What is required → Your answer should consist of each line below that includes the word "boxes".

[Opening Given data section]

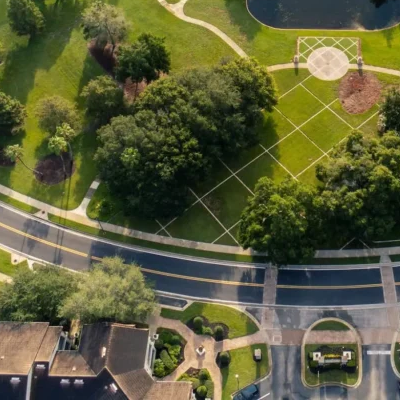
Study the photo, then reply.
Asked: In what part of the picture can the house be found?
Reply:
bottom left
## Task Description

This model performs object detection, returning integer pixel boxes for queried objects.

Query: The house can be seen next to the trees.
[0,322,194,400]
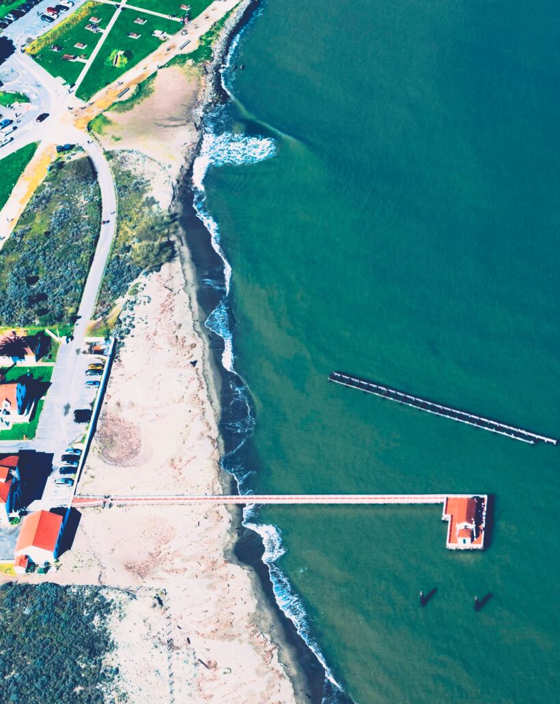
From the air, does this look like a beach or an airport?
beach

[Closing Given data section]
[Opening Given data section]

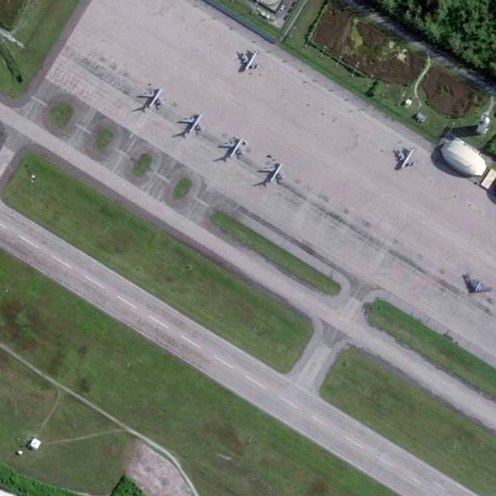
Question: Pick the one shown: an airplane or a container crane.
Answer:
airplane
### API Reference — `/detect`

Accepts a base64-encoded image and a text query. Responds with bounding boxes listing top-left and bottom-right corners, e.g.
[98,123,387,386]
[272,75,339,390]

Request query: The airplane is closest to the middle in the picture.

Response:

[Closing Given data section]

Answer for this exercise →
This model performs object detection, returning integer pixel boxes for queried objects.
Accepts a base64-encoded image and a text query. Responds with bounding boxes listing top-left and bottom-right corners, e.g.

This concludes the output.